Chaque année le théâtre accueillera une nouvelle équipe en résidence. En 2014 / 2015, nous convierons Irène Bonnaud, metteure en scène (qui avait présenté au CDN la très belle pièce de Sean O'Casey, La Charrue et les étoiles), et Violaine Schwartz, auteure et comédienne (que vous avez pu entendre au Festival des Petites fugues), à nous rejoindre autour d'un projet commun. Ce sera l'occasion d'instaurer une première résidence d'écriture. C'est un axe auquel je tiens beaucoup, et que nous poursuivrons avec d'autres auteur(e)s.

Dès cette saison, nous souhaitons mettre en place des laboratoires de recherche et de création, en offrant à des équipes le temps dont notre art a tant besoin pour continuer à se régénérer et résister à la pression marchande.

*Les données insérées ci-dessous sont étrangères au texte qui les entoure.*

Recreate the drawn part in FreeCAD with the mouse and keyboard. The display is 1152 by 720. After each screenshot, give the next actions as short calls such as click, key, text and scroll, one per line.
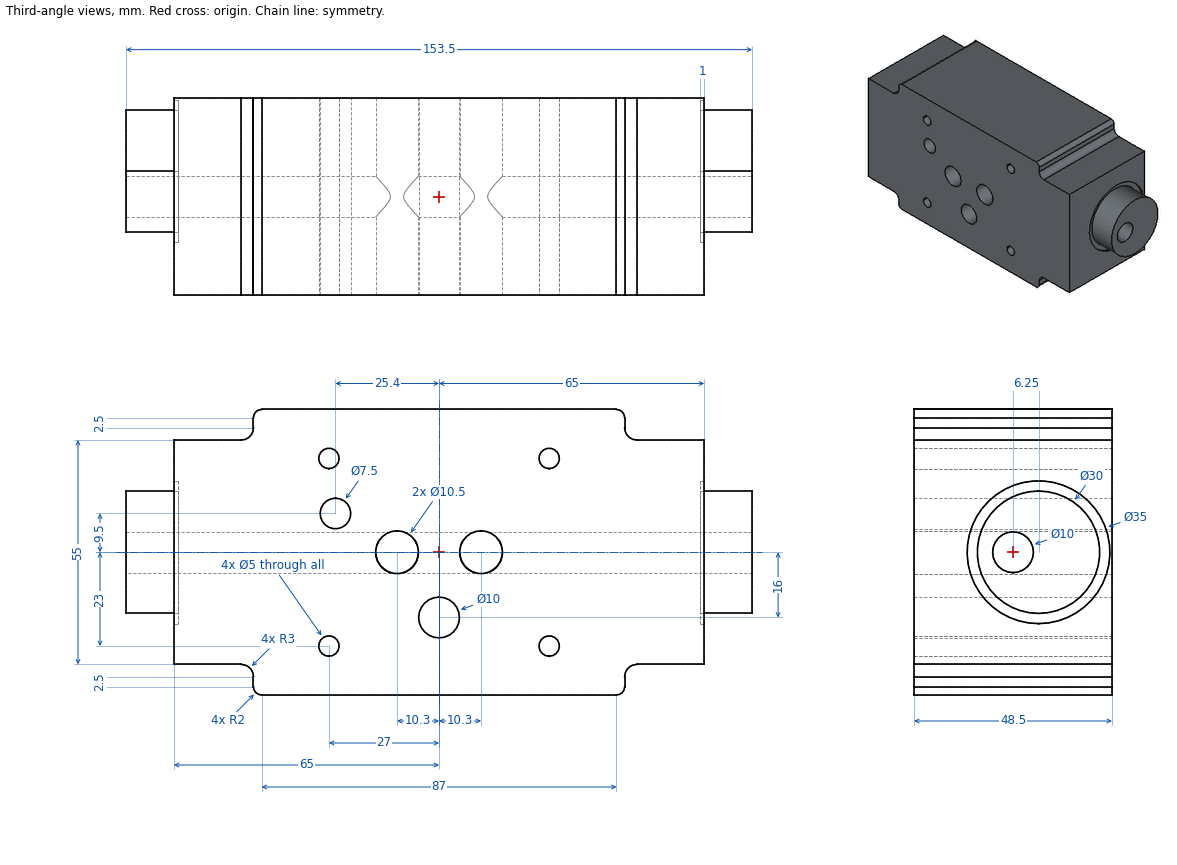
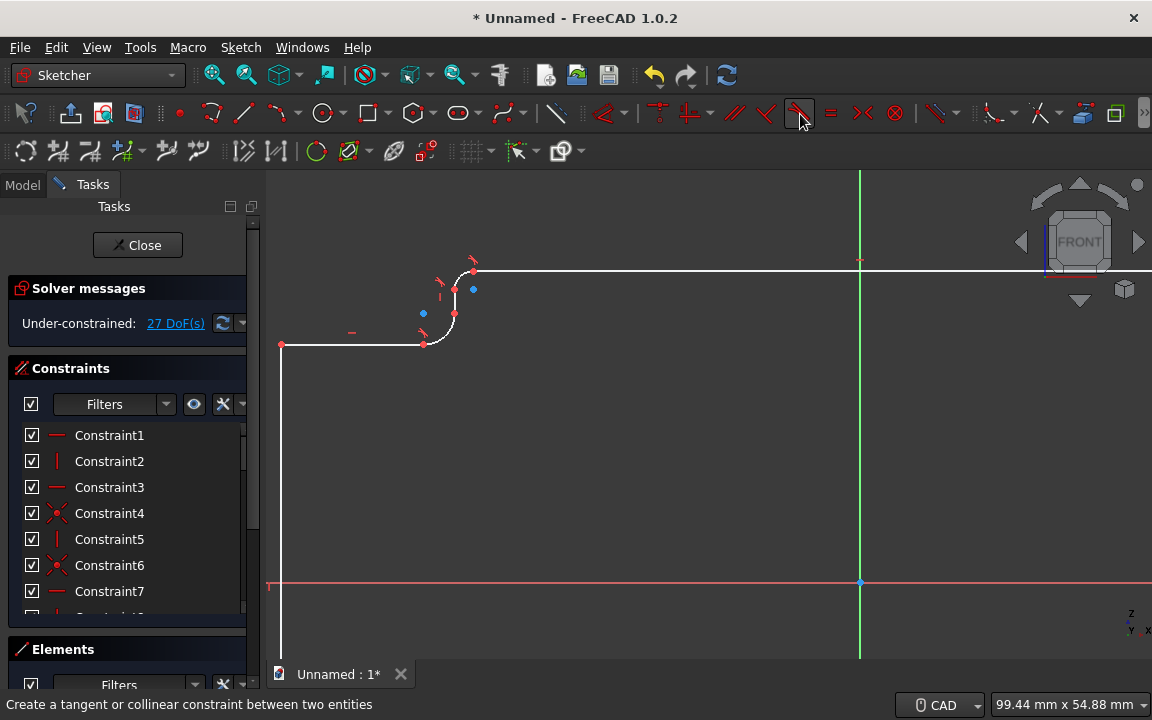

Pour que cette effervescence puisse se déployer et devenir communicative, le centre dramatique dispose d'un bel atout, son bar donnant de plain-pied sur l'esplanade Jean-Luc Lagarce et le parc qui le jouxte. Nous allons étudier les possibilités pour qu'il puisse être ouvert au-delà des jours de représentations, et permette ainsi aux artistes et aux spectateurs de s'y rencontrer dans un cadre convivial. Nous vous convierons notamment, à partir du printemps prochain, à un nouveau rendez-vous : « Le Vin(gt) du mois » au cours duquel nous proposerons à un vigneron d'organiser une dégustation et à un artiste de présenter une forme courte.

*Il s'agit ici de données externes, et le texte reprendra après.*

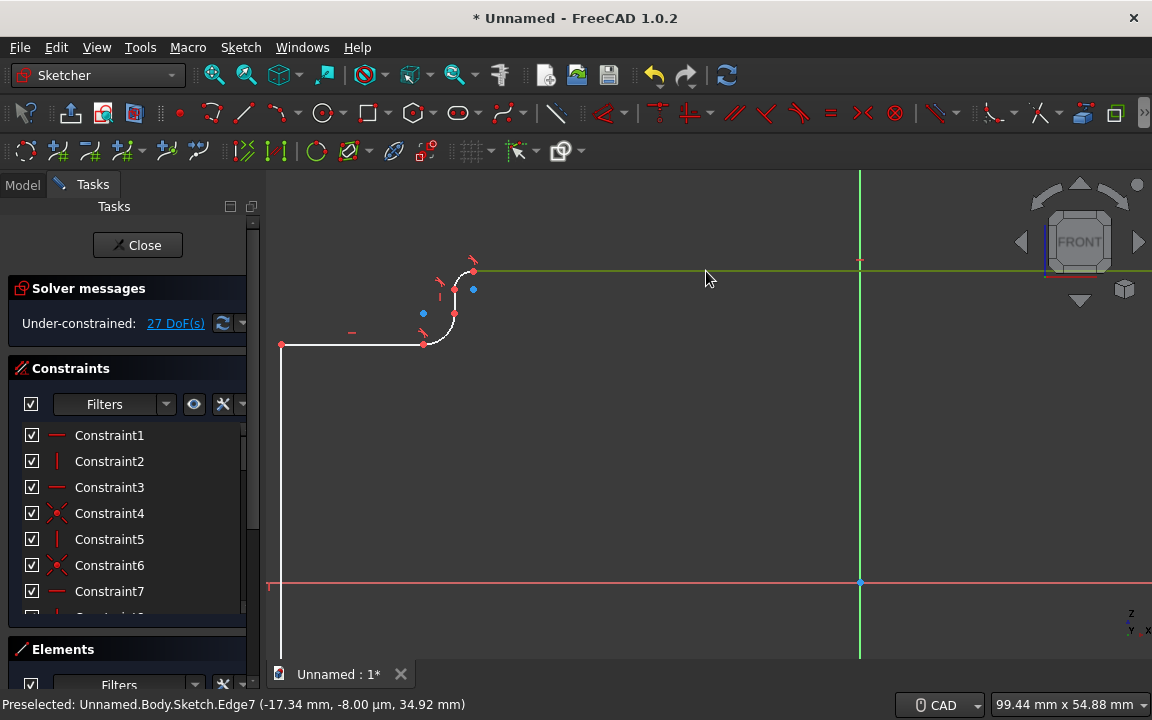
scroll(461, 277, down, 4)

Pour finir, mais en aucun cas conclure, je me risquerai à vous dire un mot de mon travail, de ce qui m'anime, et dont Yukonstyle témoigne à sa manière, comme un petit caillou blanc sur une route dont on ne connaît pas le chemin. Pour cela, sans doute faut-il avant tout parler des auteurs, et des acteurs. Heiner Müller, Thomas Bernhard, Ingmar Bergman, Eugène O'Neill, Nilo Cruz et Sarah Berthiaume ont été ces dernières années des compagnons de vie auprès de qui j'ai beaucoup appris. Ce qui me les rend chers, et même indispensables, c'est leur façon de raconter la vie et l'écriture comme un combat contre la mélancolie et la résignation, c'est l'espérance qu'ils engagent dans la nécessité de transmuer l'angoisse et la perte en humour ou en beauté. Porter haut cette pulsion de vie, en faisant avant tout confiance au travail de l'acteur, à la matière humaine de son art, au rendez-vous secret du jeu avec l'élan premier d'une écriture, tel est le sens de la recherche que je souhaite poursuivre et partager avec vous au cours de ces prochaines années.

Au plaisir de vous retrouver jeudi 12 septembre prochain pour échanger et découvrir la nouvelle saison du centre dramatique.